Curacao refinery temporarily exempted from US sanctions against Venezuela

Willemstad, Curacao
Willemstad, Curacao. (Photo: disorderly/DepositPhotos)

American companies can again do business with the Isla refinery in Curacao, despite United States sanctions against the Venezuelan state oil company PdVSA. The Curacao government owns the refinery and leases it to PdVSA, NOS reports

The US Department of Finance now issued a waiver to Curacao. The island is exempted from the sanctions until January 15th, 2020. According to the Curacao government, the exemption is an important step towards keeping the refinery open and attracting new partners for the future of the Isla refinery. Due to the sanctions, the refinery has not been operating for months.

The lease contract with the PdVSA expires on December 31st of this year. PdVSA has no money for the innovations required to meet new environmental standards, and Curacao is therefore looking for a new operator for the Isla refinery. The American sanctions were a major barrier for this. A large part of this obstacle has been removed with the exemption, even though it is only temporary, according to the broadcaster.

Exactly what the exemption will allow the refinery to do, still has to be worked out. According to NOS, it is likely that the exemption will allow the refinery to work for the Curacao and Bonaire markets, if not for the Venezuelan market. 
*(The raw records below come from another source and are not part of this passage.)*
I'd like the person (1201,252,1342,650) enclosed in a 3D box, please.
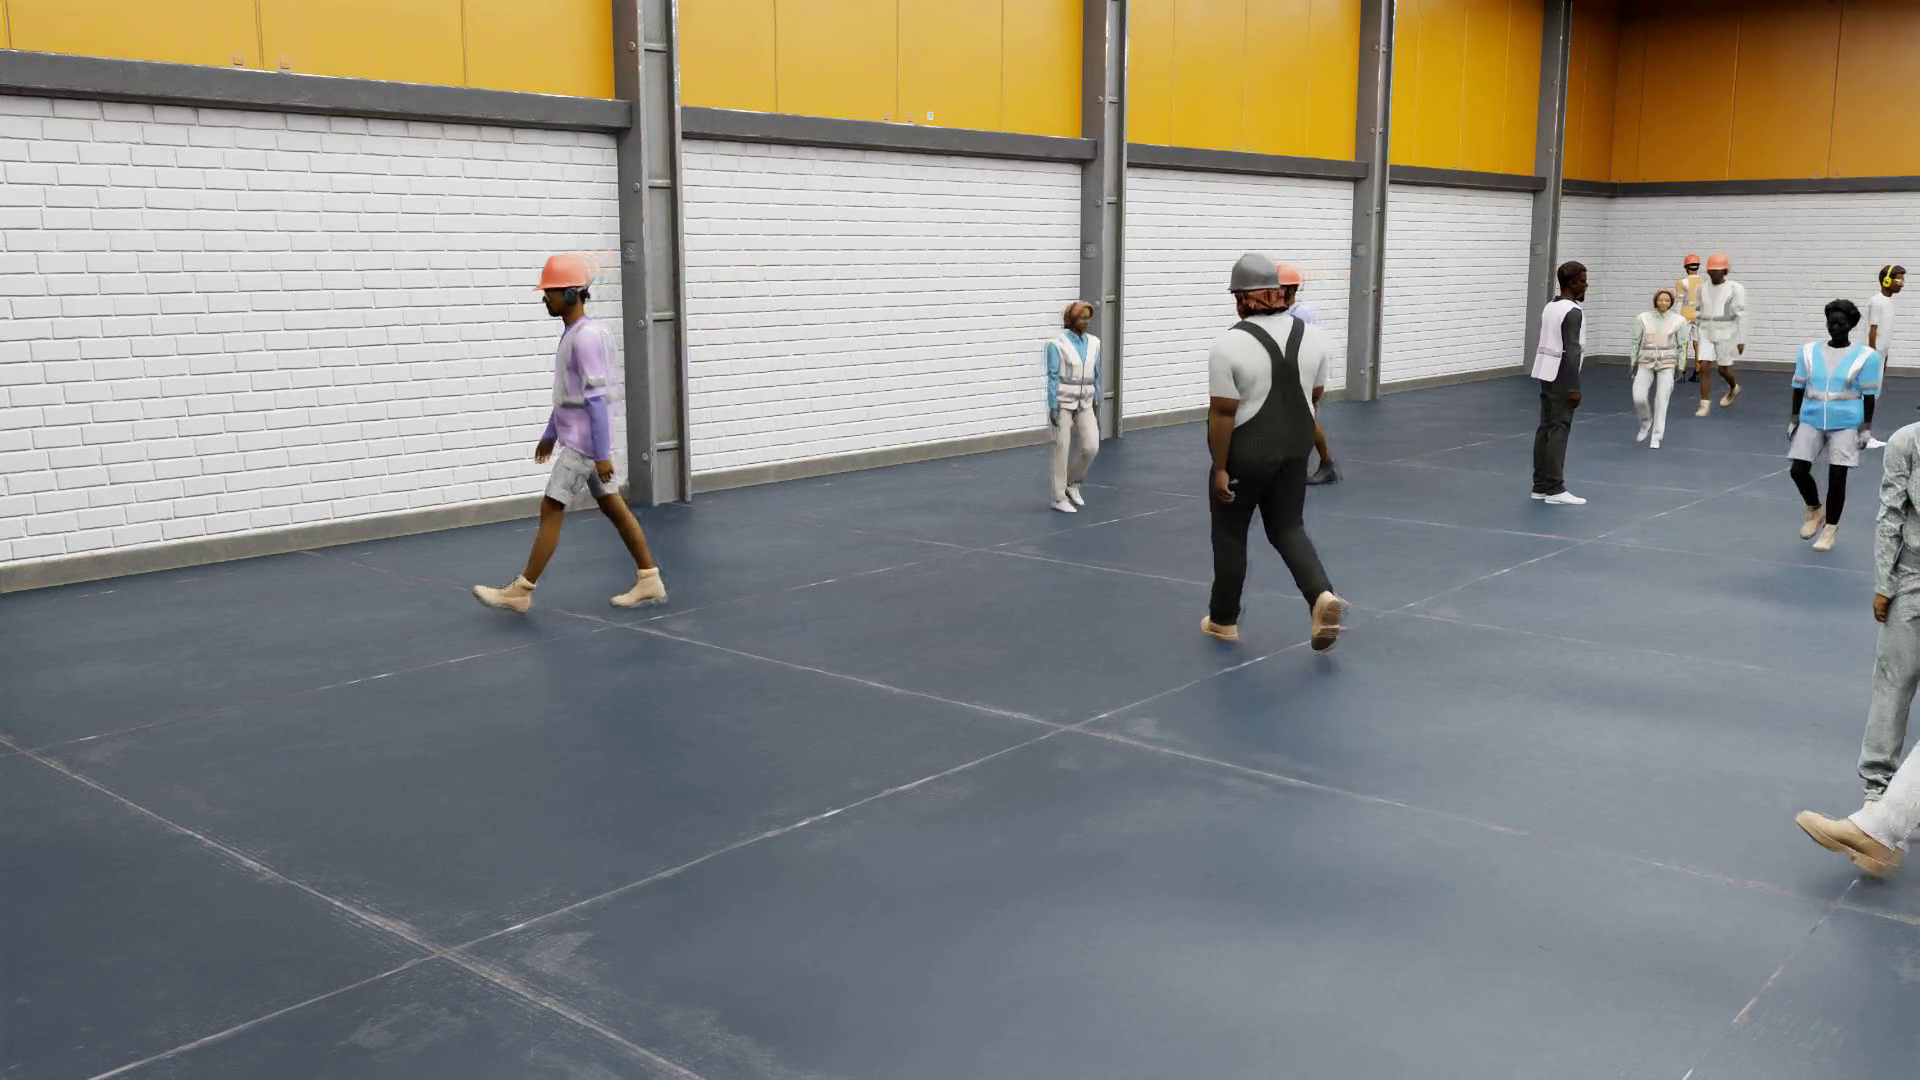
[{"bbox_3d":[1.541,-0.449,8.339,0.695,2.000,0.831,-4,11,-23],"label":"person"}]

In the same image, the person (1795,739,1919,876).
[{"bbox_3d":[3.161,0.248,5.065,0.955,1.789,0.642,3,10,16],"label":"person"}]

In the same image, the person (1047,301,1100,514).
[{"bbox_3d":[0.869,-1.012,12.708,0.530,1.625,0.355,-6,12,-32],"label":"person"}]

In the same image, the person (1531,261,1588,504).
[{"bbox_3d":[4.776,-1.251,13.251,0.399,1.920,0.589,0,10,0],"label":"person"}]

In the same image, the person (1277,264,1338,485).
[{"bbox_3d":[2.791,-1.388,14.155,1.019,1.888,0.561,-3,10,-16],"label":"person"}]

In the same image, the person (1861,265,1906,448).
[{"bbox_3d":[9.327,-1.855,16.892,0.342,1.856,0.495,9,13,42],"label":"person"}]

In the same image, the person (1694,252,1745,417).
[{"bbox_3d":[9.212,-2.482,20.101,0.875,1.994,0.621,-9,14,-43],"label":"person"}]

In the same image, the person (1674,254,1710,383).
[{"bbox_3d":[10.994,-3.331,25.073,0.543,1.927,0.375,-1,10,-6],"label":"person"}]

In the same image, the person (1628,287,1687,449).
[{"bbox_3d":[7.066,-1.742,16.844,0.542,1.625,0.373,6,11,29],"label":"person"}]

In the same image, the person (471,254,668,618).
[{"bbox_3d":[-2.136,-0.562,9.149,1.090,1.982,0.618,-2,10,-13],"label":"person"}]

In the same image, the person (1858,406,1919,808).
[{"bbox_3d":[3.376,0.173,5.668,0.483,1.736,0.311,3,10,16],"label":"person"}]

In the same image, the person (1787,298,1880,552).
[{"bbox_3d":[5.819,-0.765,11.115,0.550,1.686,0.370,9,13,42],"label":"person"}]
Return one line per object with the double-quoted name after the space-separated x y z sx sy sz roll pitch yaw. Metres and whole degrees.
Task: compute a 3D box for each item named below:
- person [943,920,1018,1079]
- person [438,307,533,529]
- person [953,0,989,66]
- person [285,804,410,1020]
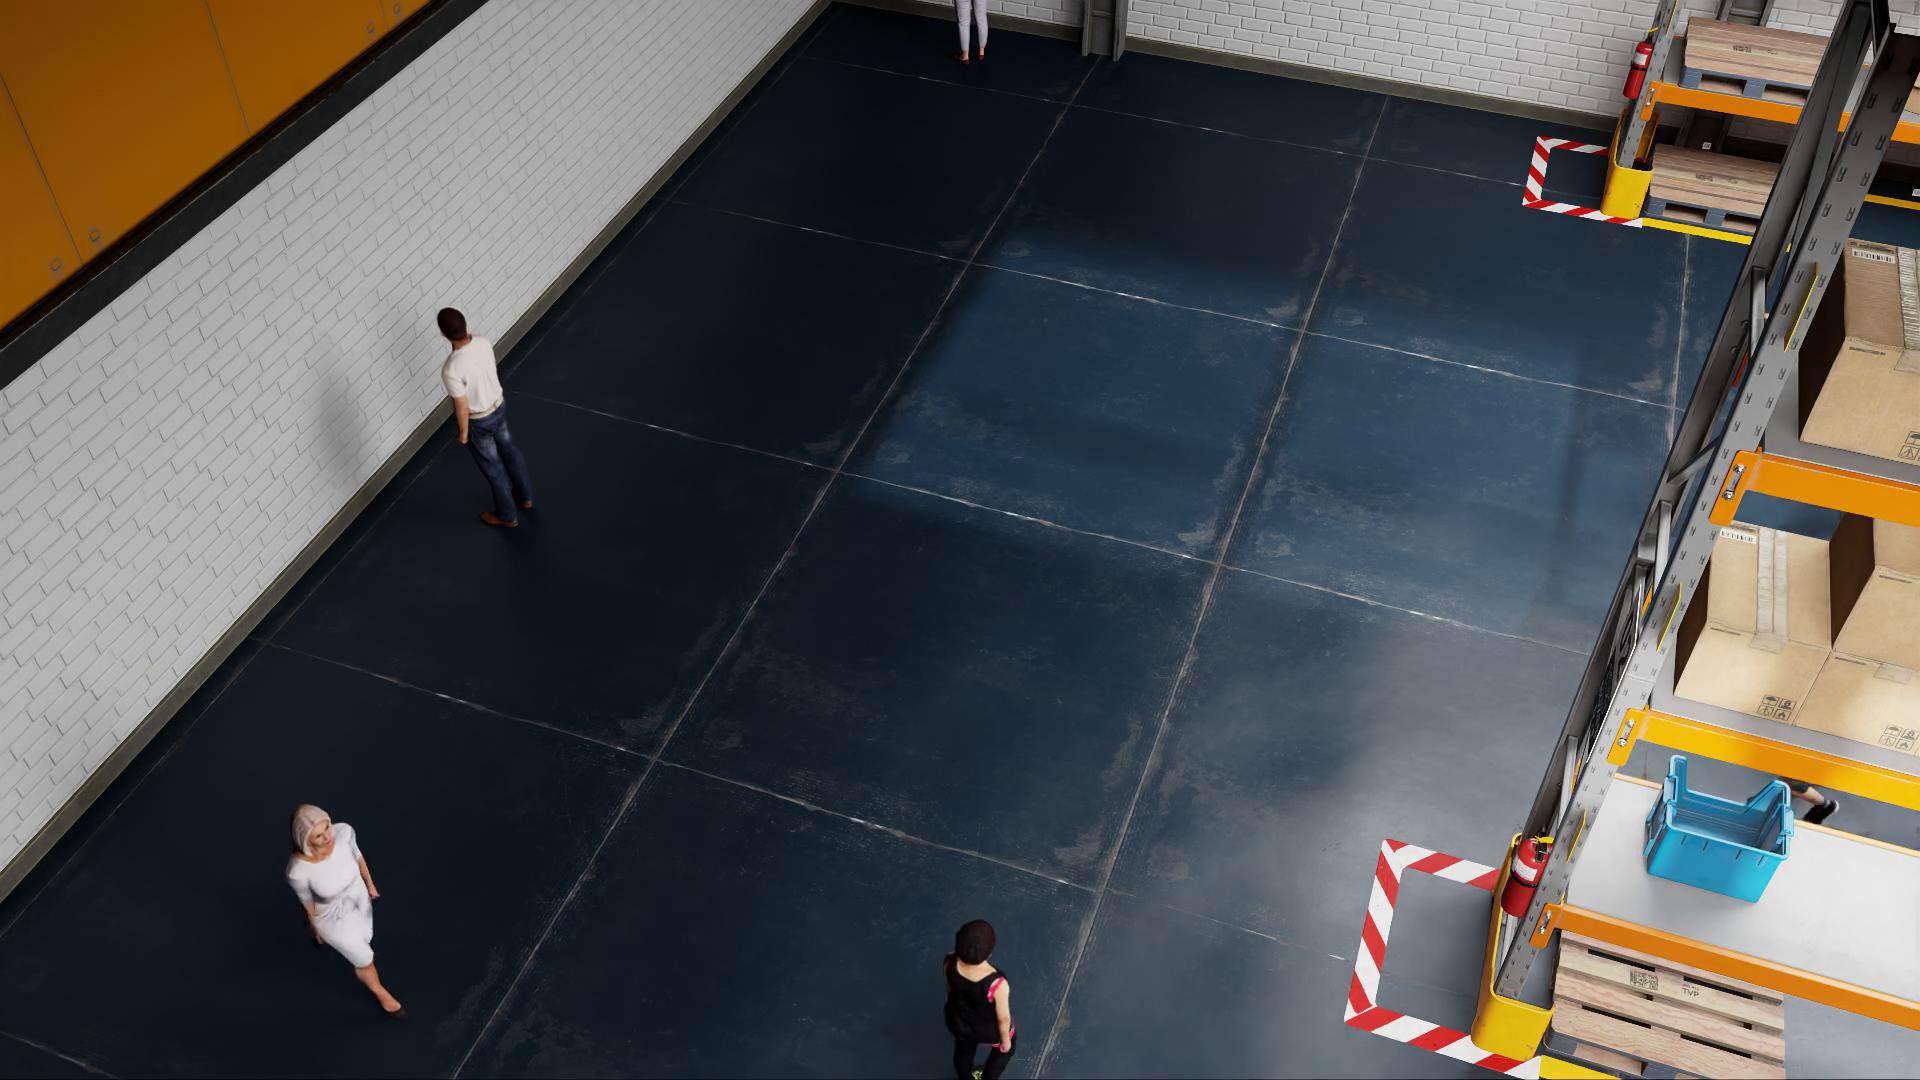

The Netherlands and Curacao previously helped the United States out by agreeing to the Americans' request to set up a humanitarian support point for Venezuela at Willemstad airport.

Minister Stef Blok of Foreign Affairs is currently visiting Curacao to discuss the situation in Venezuela, a close neighbor for the Dutch island. On Tuesday Blok promised to assist the Curacao government in its search for a new strategic oil partner.